Figure 6 shows J–E curves of the BCFO (x = 0, 0.1 and 0.2) capacitors. Leakage current densities of BFO, Bi_0.9Ce_0.1FeO₃ and Bi_0.8Ce_0.2FeO₃ capacitors are 1.38 × 10⁻², 1.06 × 10⁻³ and 1.47 × 10⁻⁴ A/cm² at 388 kV/cm, respectively. It means that the leakage current density of the Bi_0.8Ce_0.2FeO₃ capacitor is about two orders of magnitude lower than that of the BFO counterpart. One reason for this is that an appropriate amount of Ce doping reduces grain sizes of the BCFO film as evidenced by XRD result, leading to an increase in the density of grain boundaries, which makes contribution to the decreased leakage current density [9]. Another reason is that the decreased Bi volatilization and the restrained reduction of Fe³⁺ to Fe²⁺ are realized by virtue of the reducible oxygen vacancies and cation defects after Ce-doping, as proofed by XPS data.

Fig. 6

Leakage current density-electric field curves of Bi_1−x Ce _x FeO₃ (x = 0, 0.1 and 0.2) capacitors when electric filed ranges from −388 to 388 kV/cm

4 Conclusions

BCFO films were deposited on Pt/TiN/Si₃N₄/Si substrates by sol–gel technique.
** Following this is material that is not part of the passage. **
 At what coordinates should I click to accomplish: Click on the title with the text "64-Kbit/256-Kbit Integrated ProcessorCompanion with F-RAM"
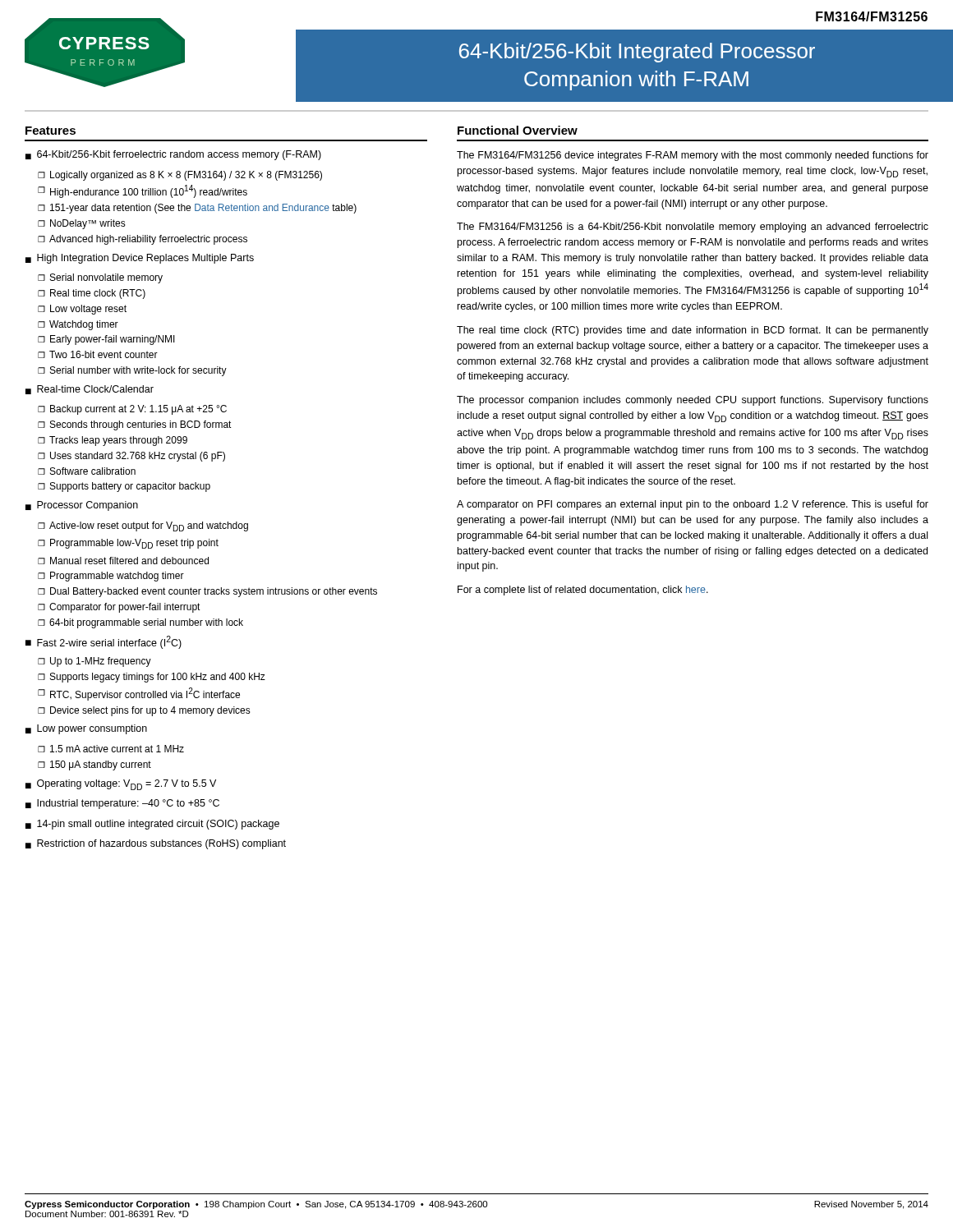(x=637, y=66)

Compared to the BFO counterparts, the fitted Bi 4f_7/2, Bi 4f_5/2, Fe 2p_3/2, Fe 2p_1/2 and O 1s peaks for the Bi_0.8Ce_0.2FeO₃ film shift towards the higher binding energy regions by amounts of 0.33, 0.29, 0.43, 0.58 and 0.49 eV, respectively. The corresponding ε _r and tanδ of the BFO, Bi_0.9Ce_0.1FeO₃ and Bi_0.8Ce_0.2FeO₃ capacitors are 159, 131, 116, 0.048, 0.041 and 0.035 at 1 MHz, respectively. The corresponding P _r of 1.08, 1.43 and 2.04 μC/cm² and E _c of 120, 112 and 123 kV/cm are obtained under the electric field of 388 kV/cm, respectively. The leakage current density of the Bi_0.8Ce_0.2FeO₃ capacitor is about two orders of magnitude lower than that of the BFO counterpart. Compared to the BFO counterparts, the increased P _r and the decreased leakage current density of the Bi_0.8Ce_0.2FeO₃ film might be attributed to the decreased Bi volatilization and the restrained reduction of Fe³⁺ to Fe²⁺ by virtue of the reducible oxygen vacancies and cation defects after Ce-doping, as proved by the XPS spectra.